> _Records shown_
((

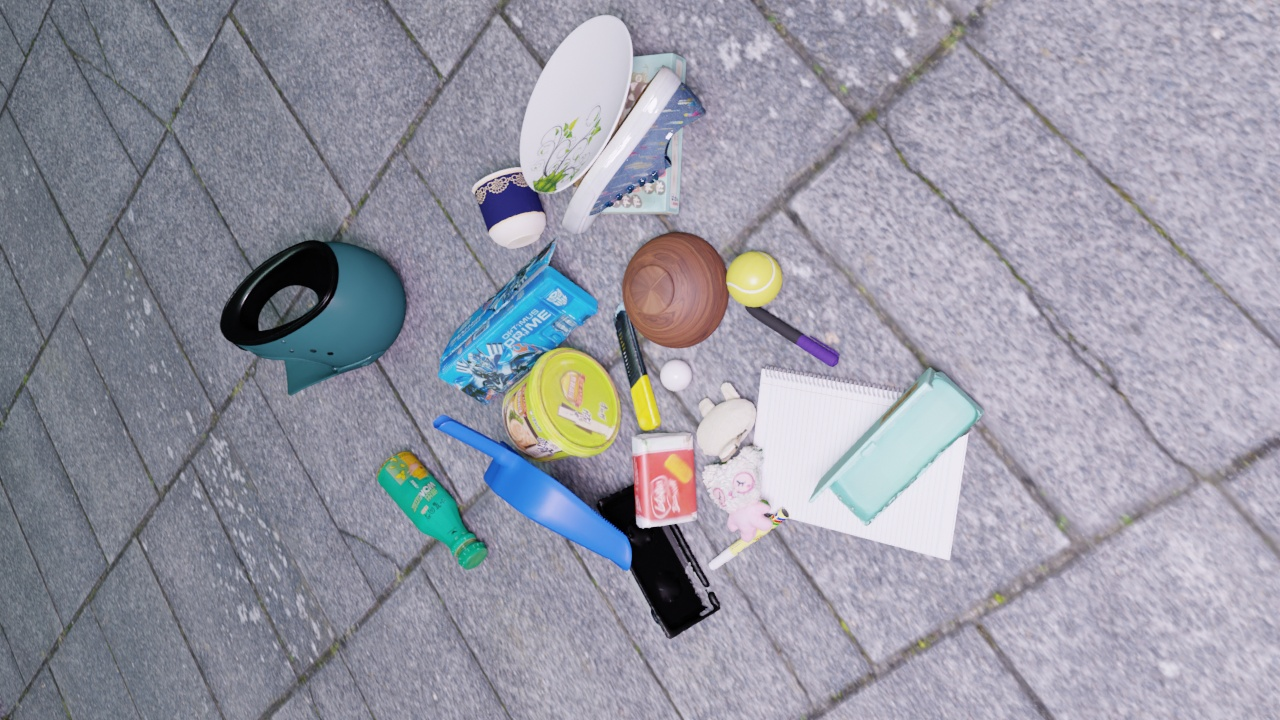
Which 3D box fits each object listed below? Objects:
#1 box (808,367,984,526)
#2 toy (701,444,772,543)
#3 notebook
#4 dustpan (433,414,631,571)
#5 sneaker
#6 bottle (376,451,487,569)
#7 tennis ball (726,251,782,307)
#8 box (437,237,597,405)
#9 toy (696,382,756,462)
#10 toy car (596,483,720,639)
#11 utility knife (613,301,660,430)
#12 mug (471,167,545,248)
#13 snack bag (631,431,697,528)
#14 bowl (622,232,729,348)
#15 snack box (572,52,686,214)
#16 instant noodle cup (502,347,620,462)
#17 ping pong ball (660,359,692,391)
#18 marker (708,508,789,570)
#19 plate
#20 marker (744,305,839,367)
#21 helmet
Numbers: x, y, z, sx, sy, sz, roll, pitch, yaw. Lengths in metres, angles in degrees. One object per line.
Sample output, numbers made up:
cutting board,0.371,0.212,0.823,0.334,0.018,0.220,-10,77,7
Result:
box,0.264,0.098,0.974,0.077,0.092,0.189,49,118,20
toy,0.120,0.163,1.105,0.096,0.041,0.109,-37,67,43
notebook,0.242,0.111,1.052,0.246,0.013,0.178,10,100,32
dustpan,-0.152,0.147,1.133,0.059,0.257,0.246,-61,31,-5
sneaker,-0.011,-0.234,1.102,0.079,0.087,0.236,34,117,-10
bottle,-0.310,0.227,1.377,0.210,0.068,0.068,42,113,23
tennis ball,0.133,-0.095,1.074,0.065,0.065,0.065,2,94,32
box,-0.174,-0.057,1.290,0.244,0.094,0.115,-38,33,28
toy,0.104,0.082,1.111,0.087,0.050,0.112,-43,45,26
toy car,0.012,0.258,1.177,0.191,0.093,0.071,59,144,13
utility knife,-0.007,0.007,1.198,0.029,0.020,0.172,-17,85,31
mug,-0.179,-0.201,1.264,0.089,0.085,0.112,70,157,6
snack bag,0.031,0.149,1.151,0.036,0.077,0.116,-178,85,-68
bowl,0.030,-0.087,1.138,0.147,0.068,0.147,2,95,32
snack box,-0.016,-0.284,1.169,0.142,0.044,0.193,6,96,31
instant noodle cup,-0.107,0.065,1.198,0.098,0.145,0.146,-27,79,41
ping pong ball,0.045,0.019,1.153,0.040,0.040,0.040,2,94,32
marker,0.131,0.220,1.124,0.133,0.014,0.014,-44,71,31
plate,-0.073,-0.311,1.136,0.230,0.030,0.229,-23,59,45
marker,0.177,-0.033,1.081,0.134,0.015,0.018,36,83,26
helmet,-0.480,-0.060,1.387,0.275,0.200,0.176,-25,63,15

))

> _Instructions to follow_
Output all the material verbatim, skipping every image.

> _Exercise output_
Which 3D box fits each object listed below? Objects:
#1 box (808,367,984,526)
#2 toy (701,444,772,543)
#3 notebook
#4 dustpan (433,414,631,571)
#5 sneaker
#6 bottle (376,451,487,569)
#7 tennis ball (726,251,782,307)
#8 box (437,237,597,405)
#9 toy (696,382,756,462)
#10 toy car (596,483,720,639)
#11 utility knife (613,301,660,430)
#12 mug (471,167,545,248)
#13 snack bag (631,431,697,528)
#14 bowl (622,232,729,348)
#15 snack box (572,52,686,214)
#16 instant noodle cup (502,347,620,462)
#17 ping pong ball (660,359,692,391)
#18 marker (708,508,789,570)
#19 plate
#20 marker (744,305,839,367)
#21 helmet
Numbers: x, y, z, sx, sy, sz, roll, pitch, yaw. Lengths in metres, angles in degrees. One object per line.
Sample output, numbers made up:
cutting board,0.371,0.212,0.823,0.334,0.018,0.220,-10,77,7
Result:
box,0.264,0.098,0.974,0.077,0.092,0.189,49,118,20
toy,0.120,0.163,1.105,0.096,0.041,0.109,-37,67,43
notebook,0.242,0.111,1.052,0.246,0.013,0.178,10,100,32
dustpan,-0.152,0.147,1.133,0.059,0.257,0.246,-61,31,-5
sneaker,-0.011,-0.234,1.102,0.079,0.087,0.236,34,117,-10
bottle,-0.310,0.227,1.377,0.210,0.068,0.068,42,113,23
tennis ball,0.133,-0.095,1.074,0.065,0.065,0.065,2,94,32
box,-0.174,-0.057,1.290,0.244,0.094,0.115,-38,33,28
toy,0.104,0.082,1.111,0.087,0.050,0.112,-43,45,26
toy car,0.012,0.258,1.177,0.191,0.093,0.071,59,144,13
utility knife,-0.007,0.007,1.198,0.029,0.020,0.172,-17,85,31
mug,-0.179,-0.201,1.264,0.089,0.085,0.112,70,157,6
snack bag,0.031,0.149,1.151,0.036,0.077,0.116,-178,85,-68
bowl,0.030,-0.087,1.138,0.147,0.068,0.147,2,95,32
snack box,-0.016,-0.284,1.169,0.142,0.044,0.193,6,96,31
instant noodle cup,-0.107,0.065,1.198,0.098,0.145,0.146,-27,79,41
ping pong ball,0.045,0.019,1.153,0.040,0.040,0.040,2,94,32
marker,0.131,0.220,1.124,0.133,0.014,0.014,-44,71,31
plate,-0.073,-0.311,1.136,0.230,0.030,0.229,-23,59,45
marker,0.177,-0.033,1.081,0.134,0.015,0.018,36,83,26
helmet,-0.480,-0.060,1.387,0.275,0.200,0.176,-25,63,15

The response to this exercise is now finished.